Des résidants d’un CHSLD vendent et consomment du crack dans leur propre établissement et même devant l’entrée, dénoncent des occupants du centre d’hébergement Paul-Émile-Léger, situé à deux pas de ce que l’on surnomme « l’allée du crack », en plein cœur de Montréal. Le centre est au courant du problème et dit collaborer avec le Service de police de la Ville de Montréal (SPVM).

« Plus le temps passe, plus il y a de monde qui devient addict », lance Vincent*, qui habite au centre d’hébergement situé sur le boulevard René-Lévesque, angle Saint-Dominique. Dans les derniers mois, le crack a pris d’assaut l’établissement du centre-ville de Montréal, raconte-t-il.

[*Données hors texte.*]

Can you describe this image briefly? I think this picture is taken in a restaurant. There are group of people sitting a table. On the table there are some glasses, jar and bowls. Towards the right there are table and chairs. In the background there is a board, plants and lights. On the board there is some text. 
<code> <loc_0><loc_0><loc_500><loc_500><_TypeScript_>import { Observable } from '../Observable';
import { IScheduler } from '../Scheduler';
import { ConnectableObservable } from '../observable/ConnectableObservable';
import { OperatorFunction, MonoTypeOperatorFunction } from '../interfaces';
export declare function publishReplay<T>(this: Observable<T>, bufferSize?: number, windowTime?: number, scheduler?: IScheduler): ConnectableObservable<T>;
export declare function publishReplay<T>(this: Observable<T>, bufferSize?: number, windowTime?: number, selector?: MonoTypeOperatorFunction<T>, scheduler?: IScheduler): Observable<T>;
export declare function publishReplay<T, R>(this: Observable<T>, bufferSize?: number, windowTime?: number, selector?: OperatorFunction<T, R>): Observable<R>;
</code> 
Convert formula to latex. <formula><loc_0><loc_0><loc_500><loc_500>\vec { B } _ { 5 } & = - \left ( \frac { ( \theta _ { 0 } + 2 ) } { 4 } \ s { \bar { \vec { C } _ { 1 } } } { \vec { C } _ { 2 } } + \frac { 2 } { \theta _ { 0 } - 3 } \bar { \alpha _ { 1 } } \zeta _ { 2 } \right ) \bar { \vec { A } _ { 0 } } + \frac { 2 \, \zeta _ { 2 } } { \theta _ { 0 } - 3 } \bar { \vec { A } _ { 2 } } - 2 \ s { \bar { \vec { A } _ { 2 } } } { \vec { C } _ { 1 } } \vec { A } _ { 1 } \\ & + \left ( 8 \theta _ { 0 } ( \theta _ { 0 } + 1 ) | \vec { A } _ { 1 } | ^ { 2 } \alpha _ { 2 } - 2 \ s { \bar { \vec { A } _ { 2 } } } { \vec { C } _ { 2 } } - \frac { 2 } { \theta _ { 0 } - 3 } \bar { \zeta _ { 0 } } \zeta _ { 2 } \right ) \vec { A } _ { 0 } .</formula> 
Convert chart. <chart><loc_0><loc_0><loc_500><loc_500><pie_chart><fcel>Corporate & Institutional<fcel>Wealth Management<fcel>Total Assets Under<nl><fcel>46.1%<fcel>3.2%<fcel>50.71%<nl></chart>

« Je ne me sens plus en sécurité où j’habite. Je me sens coincé. Je ne peux rien faire », confie le jeune homme quadriplégique rencontré mardi dans la cour du centre. L’arrivée de drogues dures dans l’établissement l’inquiète et lui fait craindre de se faire dévaliser sa chambre par des personnes intoxiquées qui sont parfois agressives. « C’est ma maison et je dois m’inquiéter de mes affaires personnelles », déplore-t-il.

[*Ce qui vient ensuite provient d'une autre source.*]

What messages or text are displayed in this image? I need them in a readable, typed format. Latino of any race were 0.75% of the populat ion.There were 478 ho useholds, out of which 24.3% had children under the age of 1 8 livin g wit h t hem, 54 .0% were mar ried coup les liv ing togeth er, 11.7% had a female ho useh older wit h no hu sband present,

Le centre d’hébergement Paul-Émile-Léger accueille des résidants de 20 à 65 ans, en perte d’autonomie liée à des déficiences physiques. L’établissement est à une rue de « l’allée du crack », où se trouve un centre d’injection supervisée de l’organisme Cactus. Il est également à proximité de la rue De La Gauchetière, où plusieurs surdoses ont eu lieu dans les dernières années.

Vincent voit régulièrement des résidants fumer du crack devant l’entrée de l’établissement ou dans leur chambre. « C’est comme une pandémie ici. » Il raconte avoir averti à plusieurs reprises les membres du personnel et la direction. « Ils disent toujours qu’ils sont en train de faire quelque chose. Mais je commence à être tanné », s’exclame celui qui habite au centre d’hébergement depuis près de deux ans.

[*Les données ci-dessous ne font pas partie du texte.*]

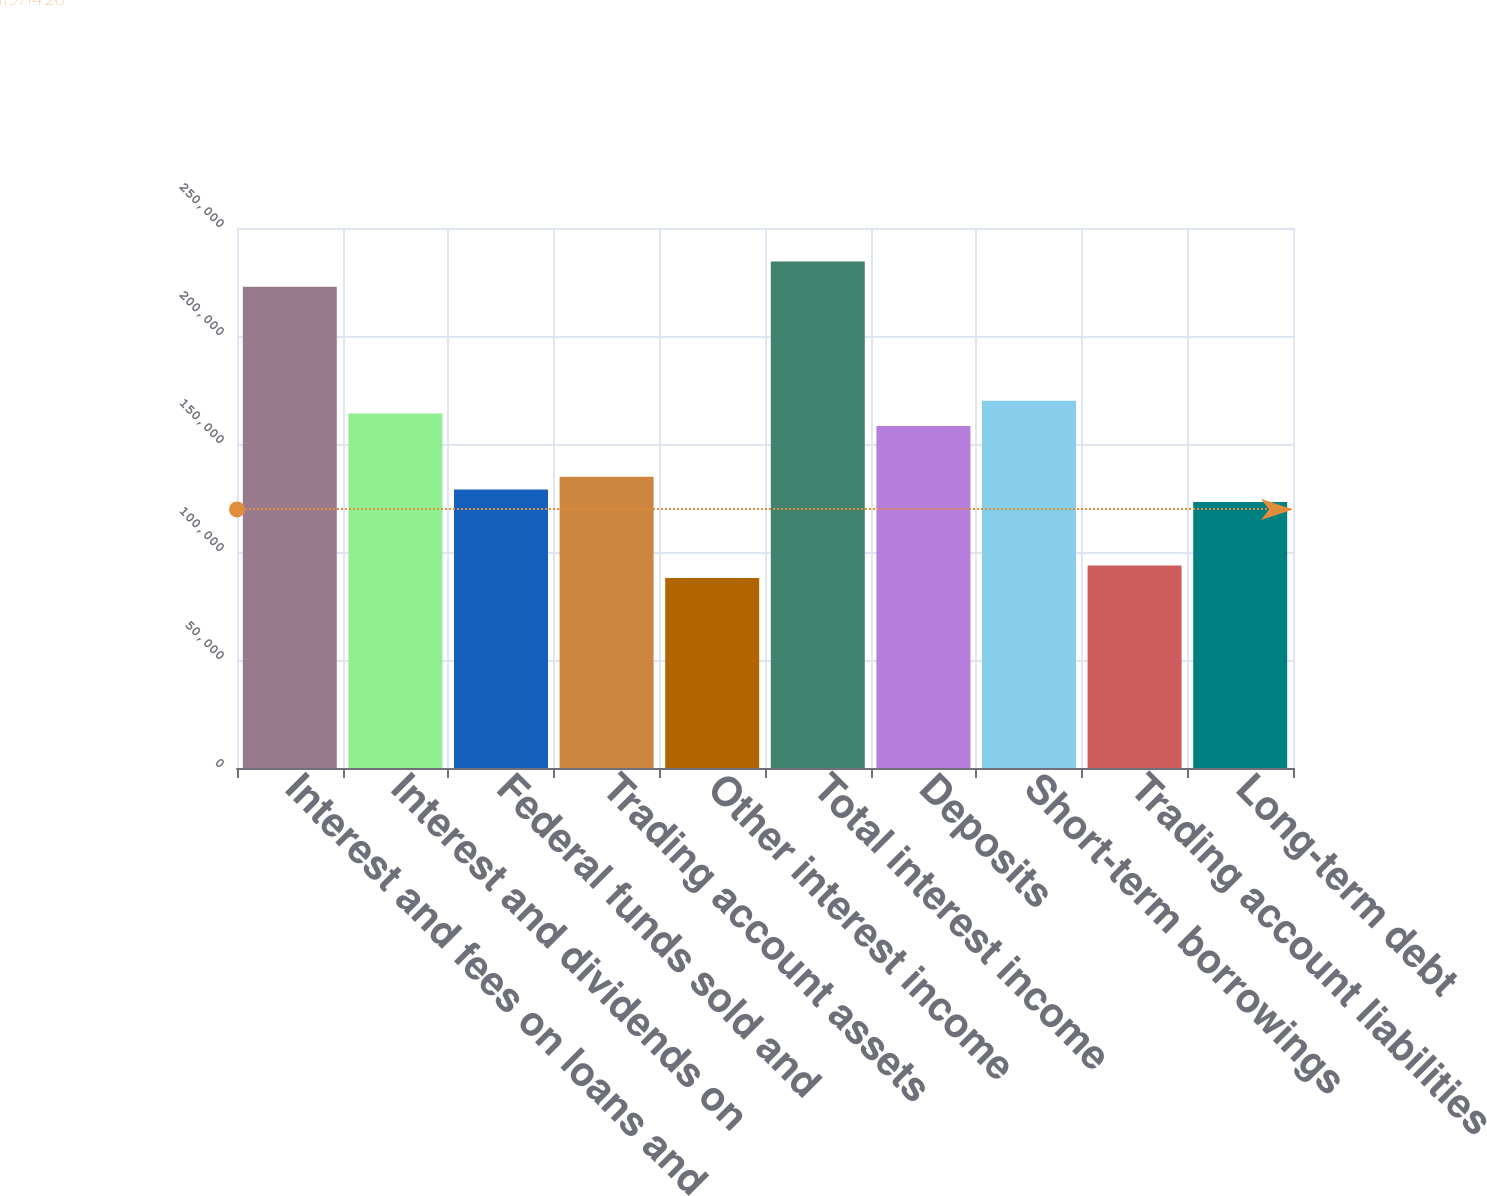Convert chart to OTSL. <chart><loc_0><loc_0><loc_500><loc_500><bar_chart><fcel>Interest and fees on loans and<fcel>Interest and dividends on<fcel>Federal funds sold and<fcel>Trading account assets<fcel>Other interest income<fcel>Total interest income<fcel>Deposits<fcel>Short-term borrowings<fcel>Trading account liabilities<fcel>Long-term debt<nl><fcel>222773<fcel>164149<fcel>128975<fcel>134837<fcel>87938.1<fcel>234498<fcel>158287<fcel>170012<fcel>93800.5<fcel>123113<nl></chart>

Un résidant devient dépendant

La situation s’est détériorée dans les trois derniers mois, confie Jean-Michel*, qui réside au centre depuis plusieurs années. « Il y a plusieurs personnes qui vendent du crack et du speed. C’est ridicule, ils le font devant le banc », dit-il en pointant l’entrée de l’établissement, rue Saint-Dominique.

Je suis tanné de voir ça ici. Si ça n’arrête pas, la moitié du building va être des crackheads.

Jean-Michel, résidant du centre d’hébergement Paul-Émile-Léger

L’homme avec qui il partage sa chambre au centre d’hébergement est devenu dépendant au crack ces derniers mois après s’en être fait donner par un des vendeurs, raconte-t-il. « Je lui ai dit de lâcher le crack et de fumer du pot à la place. » Sans succès.

Son cochambreur ne se cache pas quand vient le temps de prendre sa dose, dit Jean-Michel. « Il voulait en faire dans la chambre. Je l’ai vu juste à temps. Je lui ai dit d’aller dehors. J’étais fâché », se remémore-t-il.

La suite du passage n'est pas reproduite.